Life Like a Concerto
Last week The New York Times’ Travel section ran an article on Albuquerque that profiled The Church of Beethoven, described as “not church, much more than Beethoven.” Founded in 2008 by Felix Wurman, a cellist who was seeking weekly ritual without religion, this Sunday morning chamber music series, interspersed with poetry and moments of silence, resonated with me. All week I looked forward to going in sweet anticipation, having even arranged for a babysitter, but I awoke on Sunday morning in a foul mood, the previous night having been marked by fitful sleep brought on by another round of Abra’s teething. When we arrived 45 minutes before the performance was to begin, only to discover that it was nearly sold out, my mood darkened. We stood outside the converted warehouse space waiting with uncertainty for the possibility of standing room-only tickets, shifting from foot to foot as a duo of high school students played the accordion and oboe for spare change. Everyone except me seemed to be enjoying soaking up the brisk morning sun and the music, and I wondered why I couldn’t do the same.
Once inside we stood in another long line that formed a serpentine around the perimeter of the packed room, waiting for espresso, and my black mood dug in even deeper. Standing outside of myself it was clear that I was casting a pall over what was supposed to be an uplifting outing. As I watched myself, simultaneously observing and chastising my behavior, I felt as if I was witnessing a runaway train that I couldn’t stop. Ensnared in a net of my own making, I struggled desperately to escape this swift downward emotional spiral. But like a helpless bug caught in a spider’s silken web the more I struggled the more entangled I became, inflated expectation having gotten the best of me once again.
My eyes swept over the cavernous space, which looked as if it had been outfitted from an obliging thrift store. The rafters were strung with twinkly Christmas lights, old globes bobbed from the ceiling, and frilly lampshades were slung over antique lamps, casting pockets of warmth around the space. The room buzzed with life: the strains of the musicians tuning their instruments, the whoosh of the espresso machine, a timpani of chattering voices. White light seeped through a stained glass window. Suddenly I look to my left and notice a small vintage nightlight. A little ceramic dog tugs at the coattails of a little ceramic boy, and the words “Let Go” are lit up at the bottom. I point this out to Maikael, laughing, and immediately begin to feel a small shift inside myself.
It was a unique setting to listen to Aaron Copeland’s Appalachian Spring, not a grand concert hall but a spare space. When the conductor introduced the piece he noted that, while it has been famously arranged for large symphony orchestras, the original work was created for a small 14-instrument group like the one assembled before us. As the opening strains of the music floated through the air, soft and slow, I heard someone cough. I heard a violinist turn the page of her music in a papery rustle. As the music built I heard the conductor grunt for emphasis, his fist punching the air. I even heard the silence. It was easy to notice these details in such an intimate setting, and by the time we reached the piece’s most iconic movement in a deep crescendo, the Shaker tune Simple Gifts, any darkness I felt that morning had been suffused with light.

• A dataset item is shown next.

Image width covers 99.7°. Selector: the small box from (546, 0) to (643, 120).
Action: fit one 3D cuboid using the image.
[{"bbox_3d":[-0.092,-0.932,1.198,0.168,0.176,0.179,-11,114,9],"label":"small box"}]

‘Tis the gift to be simple, ’tis the gift to be free
‘Tis the gift to come down where we ought to be,
And when we find ourselves in the place just right,
‘Twill be in the valley of love and delight
After listening to a local poet we hear a two-person concerto, also by Copeland. Coming quick on the heels of Appalachian Spring, the clarinetist remarks how that work always reminds him that less is more. “As much as we like to think that things like iPhones are making our lives cleaner and simpler, they’re not,” he says, a wave of knowing chuckles rippling through the audience, causing the man seated next to me to actually put down his iPhone. “Copeland always reminds me that all we really need are a few well-chosen connections and activities to make a life.” These words settle deep into me, a sentiment I have heard a thousand times in different configurations, but which pierce me differently this particular morning. When the clarinetist introduces the concerto, he notes that while a symphony is like a city and what we’ve just listened to is a village, this concerto is like being at home. He is right. It is quiet and intimate; I can hear each gasping breath he takes. As he sways lyrically to the simple tune I think of the days when people gathered at home and listened to one another play music as evening settled in around them. I have a dawning awareness that what I was searching for when I came here today was life like a concerto, a drawing in close filled with soft, humble ritual and simple rhythms. And while this morning has offered the place of easy repose that I was hoping for, I realize that I need not have left home to access it. The real “letting go” is learning to take a piece of this experience with me and carry it forward into my everyday life, where the concerns of the spirit are bound by nothing more than the modest walls of home.